Summary by Tim Miller 5 years ago
Read this because it was cited by Zhang et al. 2017 and the title looked interesting. The setting is machine translation where you have pairs in one domain (europarl) but need to do translation in another (biomed). They quantify how much of the performance loss is due to vocabulary differences in the two domains. First, an oracle is created which using both domains to train. Second, an OOV oracle is created that removes words that their mining approach could not possibly find, to see what the essential limit of their approach is.

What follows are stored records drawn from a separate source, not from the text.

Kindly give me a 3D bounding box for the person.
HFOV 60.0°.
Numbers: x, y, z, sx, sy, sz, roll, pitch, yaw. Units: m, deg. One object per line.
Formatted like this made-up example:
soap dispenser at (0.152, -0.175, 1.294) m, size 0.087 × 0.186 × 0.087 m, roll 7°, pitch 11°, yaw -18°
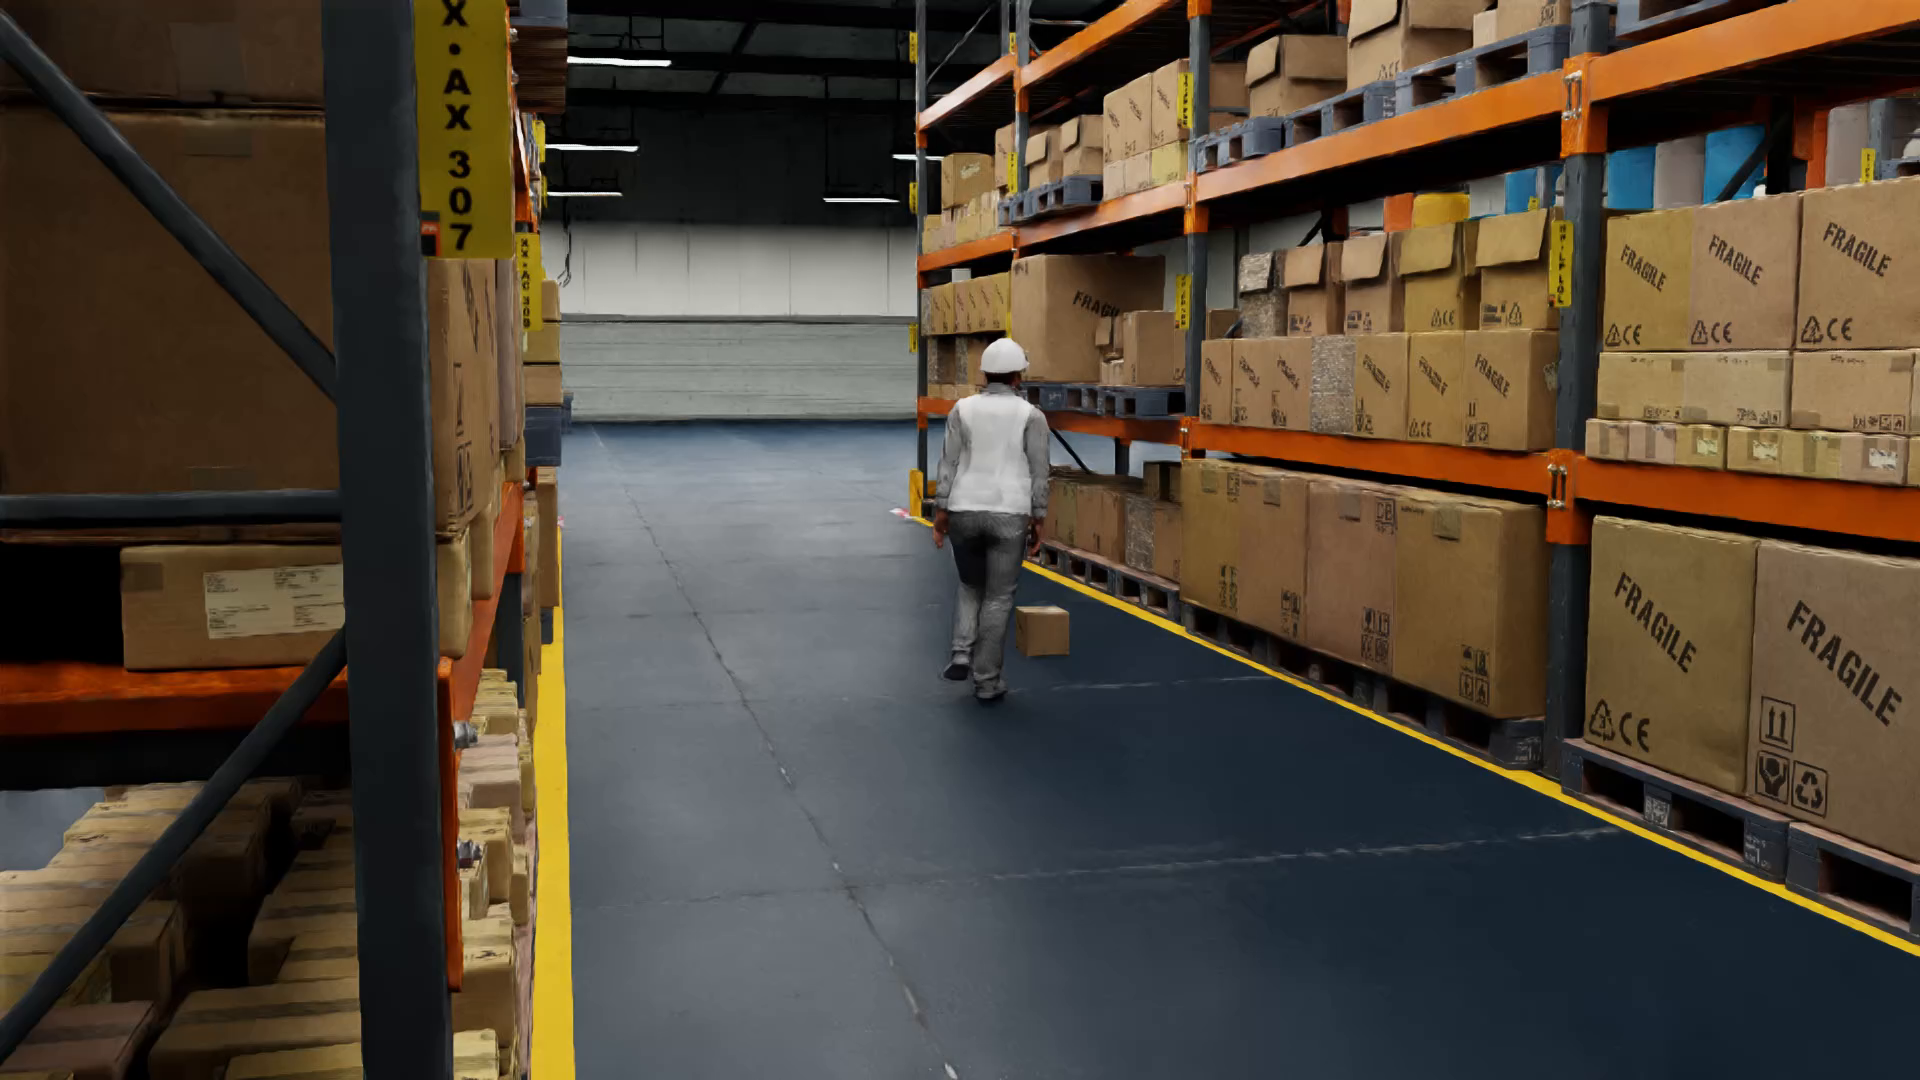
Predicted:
person at (0.168, -0.117, 8.259) m, size 0.566 × 1.762 × 0.508 m, roll 2°, pitch 6°, yaw 19°
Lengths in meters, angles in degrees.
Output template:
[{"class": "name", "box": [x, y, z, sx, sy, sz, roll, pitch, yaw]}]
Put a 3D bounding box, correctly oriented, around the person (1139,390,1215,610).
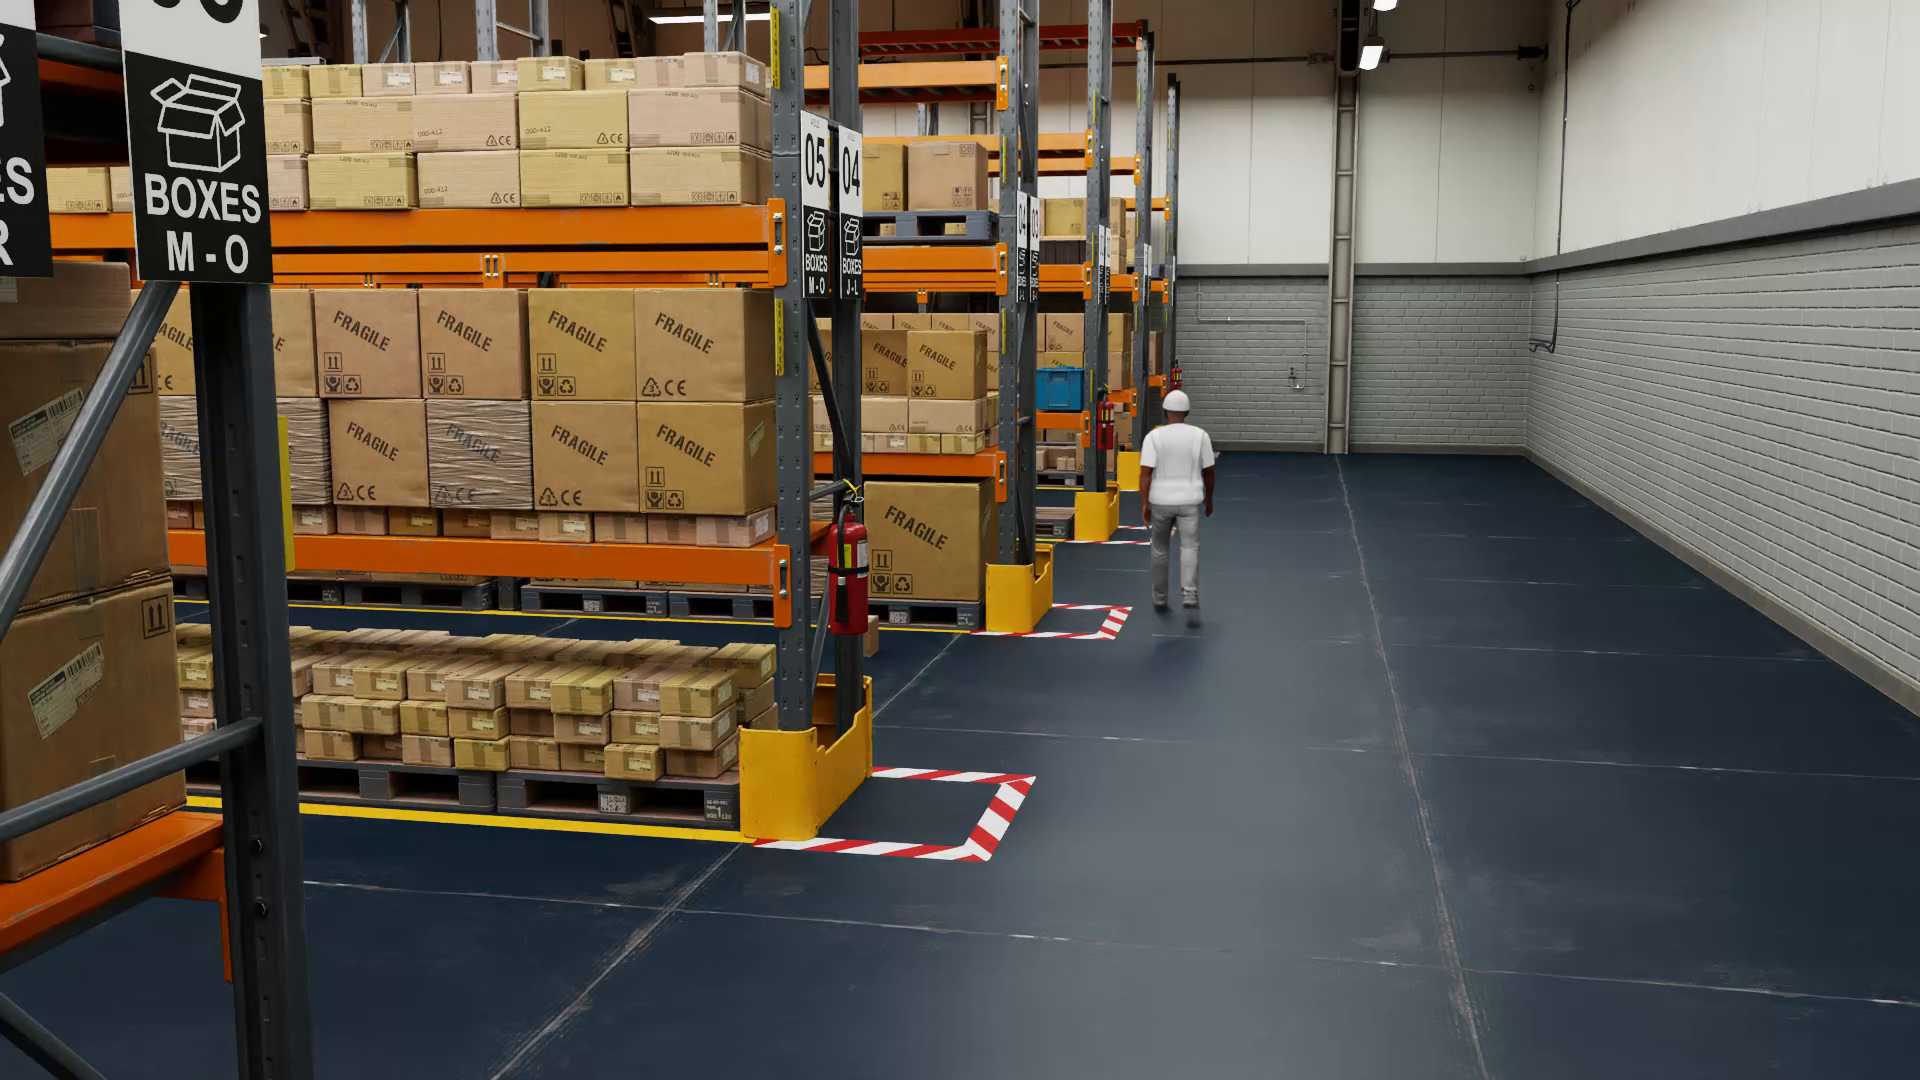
[{"class": "person", "box": [1.683, -0.300, 12.905, 0.588, 1.724, 1.030, 1, 8, 5]}]
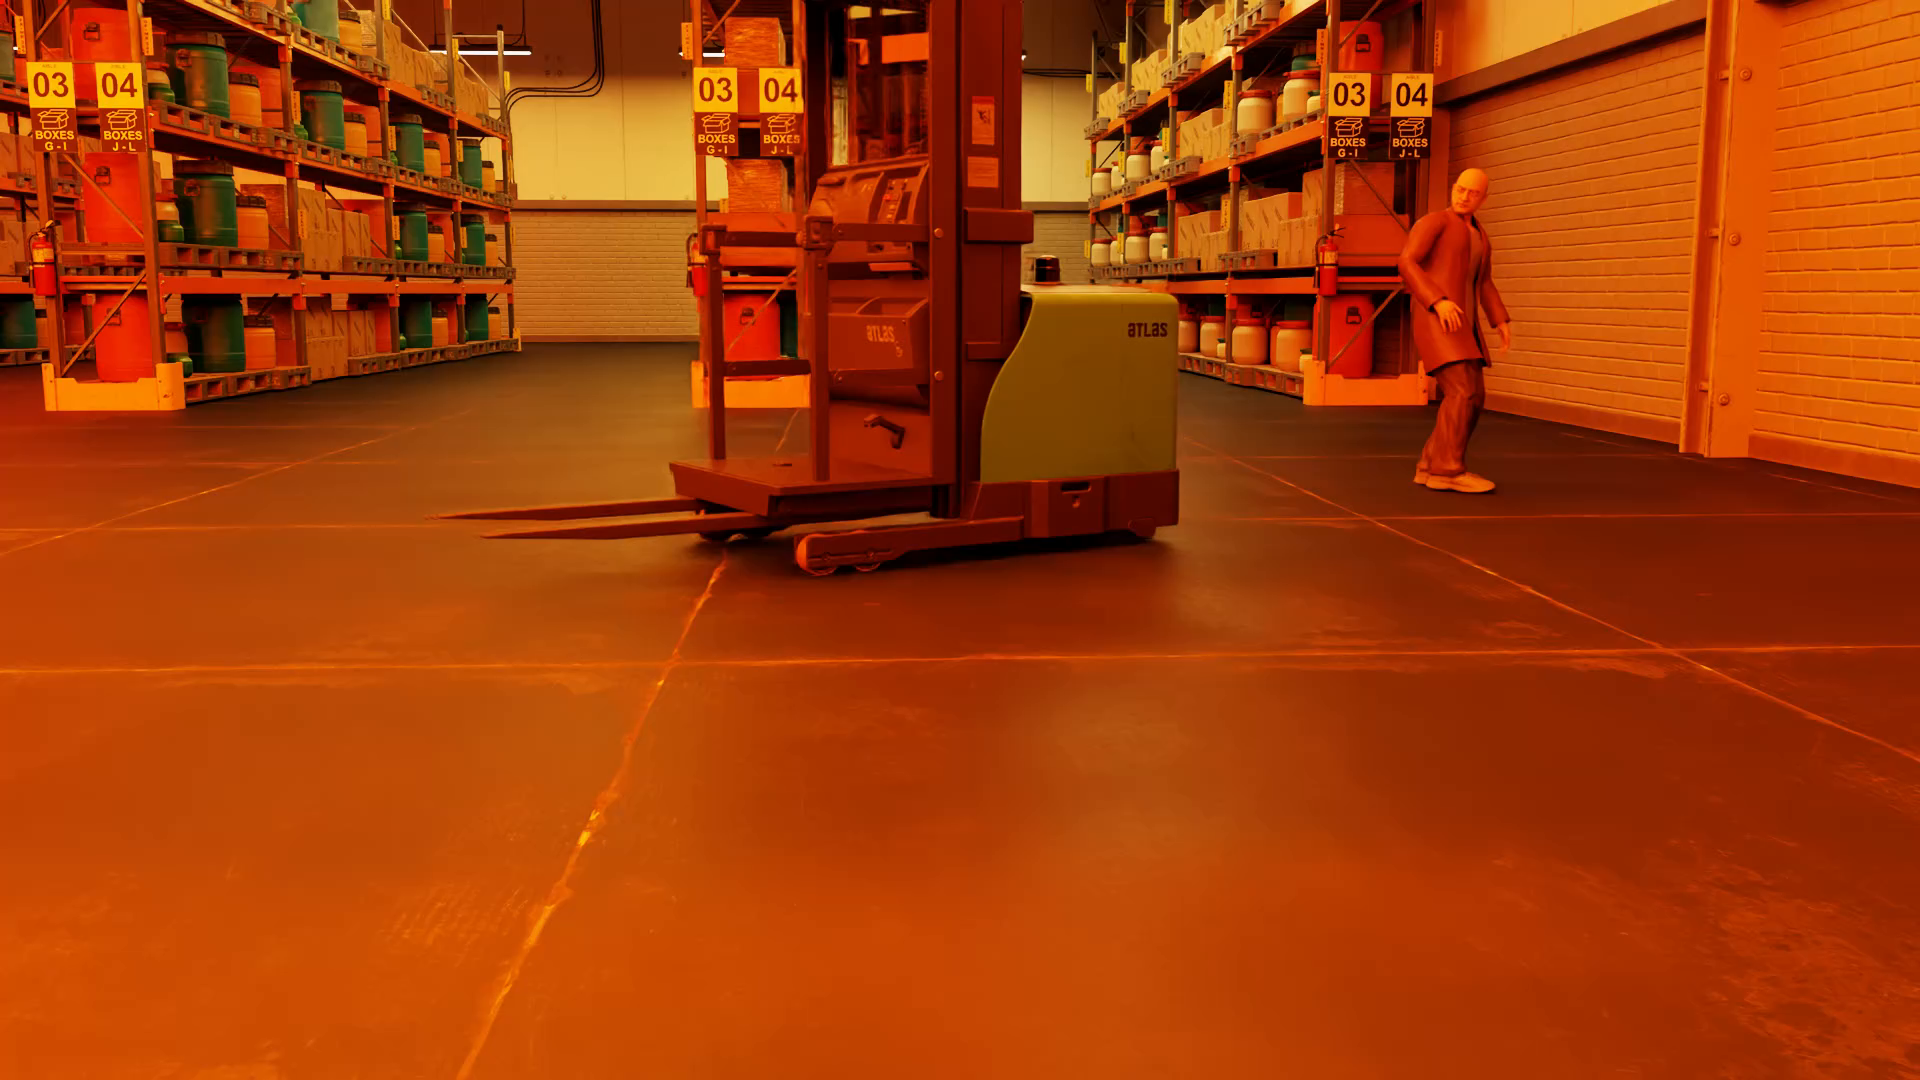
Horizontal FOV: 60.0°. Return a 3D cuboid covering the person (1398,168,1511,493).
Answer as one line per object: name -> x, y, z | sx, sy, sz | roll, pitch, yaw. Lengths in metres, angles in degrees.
person -> 2.780, -1.148, 9.131 | 0.551, 1.750, 0.788 | 8, 11, 42

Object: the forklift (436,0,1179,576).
forklift -> -0.563, -1.399, 6.754 | 3.031, 2.935, 1.130 | -5, 10, -31

Their approach, then, uses non-parallel domain texts to create word similarity matrices for new terms. They compute a context based similarity matrix first. This involves creating feature vectors for each word based on the contexts in which it appears, and then computing similarity between all word pairs. Then they create an orthography-based similarity matrix using character n-grams within each word as a feature vector and computing similarity between all word pairs. They sum these matrices to get similarity matrix. They build a bipartite graph between existing word pairs where word in source language is connected to its translation words with edge weighted by unigram translation probability. This graph is reduced to single pairs (one edge between word pairs) with the Hungarian algorithm, and they use CCA to estimate the projection using these training pairs (one projection for each language). These projections are then applied to _all_ words to get new word representations. They then explore a few ways to integrate these new scores with existing MT systems, and find that they don't get improvement just by calling them scores, they also need to add features indicating when they are real scores and when they are mined scores.